Each event equals one update for a specific ticket (i.e. one ticket could have ten updates). I want to then measure the time taken between a ticket being raised & a specific action/update.
Therefore if there have been six updates there will be six events with the same TICKET_ID (see below)
EXAMPLE
TICKET_ID UPDATE_TIME UPDATE_TYPE
0001 06/12/2017 12:01 A
0001 06/12/2017 12:10 B
0001 06/12/2017 12:10 C
0001 06/12/2017 12:10 D
0001 06/12/2017 12:10 E
Some of the measures I want:
Time between Update A and B
Time between Update B and C
Time between Update A and D
Any idea how I could go about this? Is the foreach function correct way to go?
Give this a try
your current search giving fields TICKET_ID UPDATE_TIME UPDATE_TYPE
| eval UPDATE_TIME=strptime(UPDATE_TIME,"%m/%d/%Y %H:%M")
| chart values(UPDATE_TIME) over TICKET_ID by UPDATE_TYPE
This should give a column for each of the UPDATE_TYPE with value as epoch timestamp when that update happened. Now you can just add eval command to calculate difference between two UPDATE_TYPE, e.g. eval DiffAB='A'-'B'
Give this a try
your current search giving fields TICKET_ID UPDATE_TIME UPDATE_TYPE
| eval UPDATE_TIME=strptime(UPDATE_TIME,"%m/%d/%Y %H:%M")

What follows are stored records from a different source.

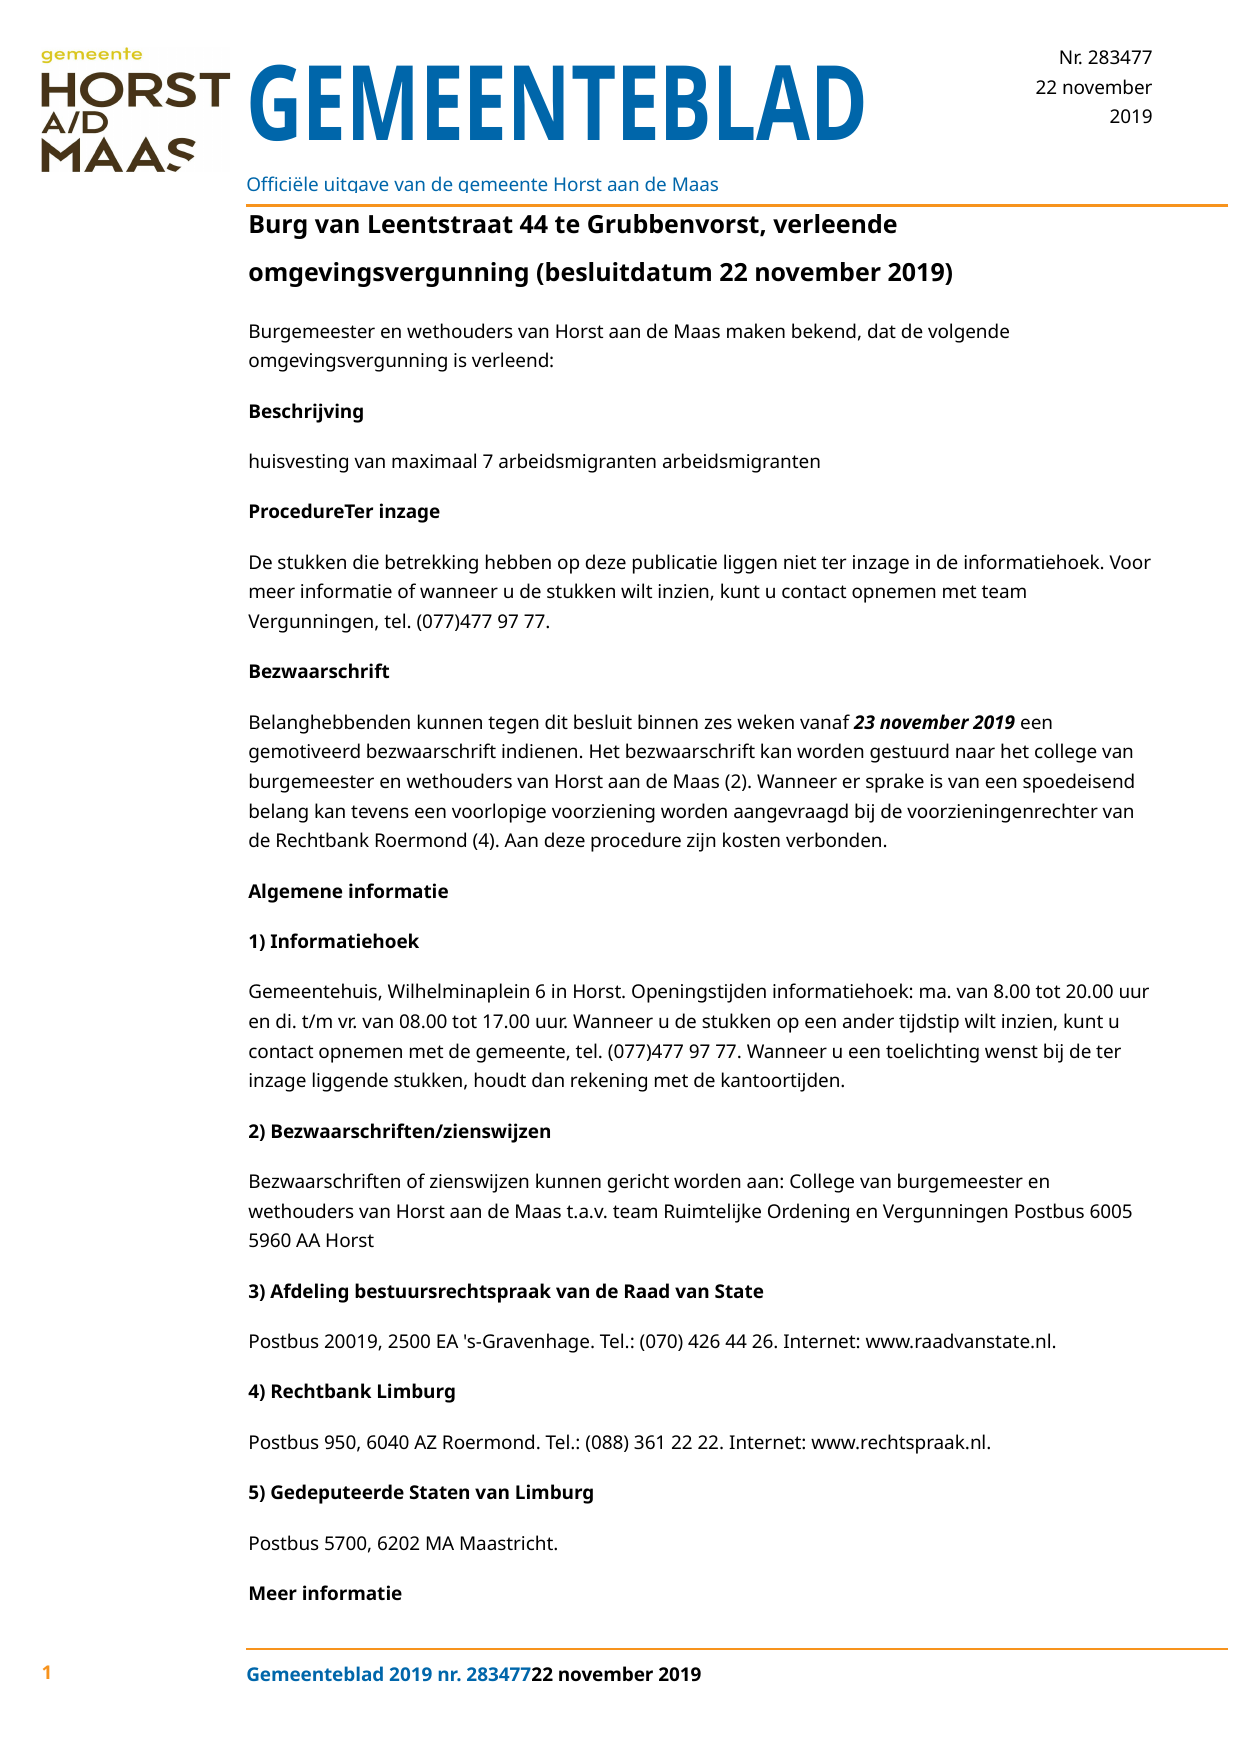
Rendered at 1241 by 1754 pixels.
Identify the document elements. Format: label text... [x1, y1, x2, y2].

text Beschrijving [248, 398, 1152, 424]
text 3) Afdeling bestuursrechtspraak van de Raad van State [248, 1278, 1152, 1304]
text Bezwaarschriften of zienswijzen kunnen gericht worden aan: College van burgemeester en wethouders van Horst aan de Maas t.a.v. team Ruimtelijke Ordening en Vergunningen Postbus 6005 5960 AA Horst [248, 1168, 1152, 1253]
text Burgemeester en wethouders van Horst aan de Maas maken bekend, dat de volgende omgevingsvergunning is verleend: [248, 318, 1152, 373]
picture [41, 47, 231, 172]
text 2) Bezwaarschriften/zienswijzen [248, 1118, 1152, 1144]
text Gemeentehuis, Wilhelminaplein 6 in Horst. Openingstijden informatiehoek: ma. van 8.00 tot 20.00 uur en di. t/m vr. van 08.00 tot 17.00 uur. Wanneer u de stukken op een ander tijdstip wilt inzien, kunt u contact opnemen met de gemeente, tel. (077)477 97 77. Wanneer u een toelichting wenst bij de ter inzage liggende stukken, houdt dan rekening met de kantoortijden. [248, 979, 1152, 1093]
text Meer informatie [248, 1580, 1152, 1606]
text Bezwaarschrift [248, 659, 1152, 684]
text Belanghebbenden kunnen tegen dit besluit binnen zes weken vanaf 23 november 2019 een gemotiveerd bezwaarschrift indienen. Het bezwaarschrift kan worden gestuurd naar het college van burgemeester en wethouders van Horst aan de Maas (2). Wanneer er sprake is van een spoedeisend belang kan tevens een voorlopige voorziening worden aangevraagd bij de voorzieningenrechter van de Rechtbank Roermond (4). Aan deze procedure zijn kosten verbonden. [248, 709, 1152, 853]
text Postbus 950, 6040 AZ Roermond. Tel.: (088) 361 22 22. Internet: www.rechtspraak.nl. [248, 1429, 1152, 1455]
text 4) Rechtbank Limburg [248, 1379, 1152, 1404]
text Postbus 20019, 2500 EA 's-Gravenhage. Tel.: (070) 426 44 26. Internet: www.raadvanstate.nl. [248, 1328, 1152, 1354]
text Burg van Leentstraat 44 te Grubbenvorst, verleende omgevingsvergunning (besluitdatum 22 november 2019) [248, 207, 1152, 288]
text Postbus 5700, 6202 MA Maastricht. [248, 1530, 1152, 1556]
text ProcedureTer inzage [248, 499, 1152, 524]
text huisvesting van maximaal 7 arbeidsmigranten arbeidsmigranten [248, 448, 1152, 474]
text Algemene informatie [248, 878, 1152, 904]
text 1) Informatiehoek [248, 928, 1152, 954]
text 5) Gedeputeerde Staten van Limburg [248, 1479, 1152, 1505]
text De stukken die betrekking hebben op deze publicatie liggen niet ter inzage in de informatiehoek. Voor meer informatie of wanneer u de stukken wilt inzien, kunt u contact opnemen met team Vergunningen, tel. (077)477 97 77. [248, 549, 1152, 634]

| chart values(UPDATE_TIME) over TICKET_ID by UPDATE_TYPE
This should give a column for each of the UPDATE_TYPE with value as epoch timestamp when that update happened. Now you can just add eval command to calculate difference between two UPDATE_TYPE, e.g. eval DiffAB='A'-'B'
Nope. foreach
is used within a single event, and you are dealing with multiple events.
You use streamstats
to copy the prior event time onto the next event so you can calculate the difference in time.
You can also use eventstats
to calculate things across the entire grouping. For instance, you could calculate the time of A across the entire grouping, then subtract it from D to find the lag between the two. In this case, you can get the time of A with streamstats
as well, so eventstats
wasn't needed.
In this case, something like this might work...
your search
| sort 0 _time
| streamstats current=f last(_time) as priorTime first(_time) as firstTime by TICKET_ID
| eval firstTime=coalesce(firstTime,_time)
| eval stepLag = _time - coalesce(priorTime,_time)
| eval totalLag = _time - firstTime
| eventstats max(totalLag) as totalDuration count as mycount by TICKET_ID
| eval avgLag = if(mycount<=1,0, round(TotalDuration/(mycount-1),0))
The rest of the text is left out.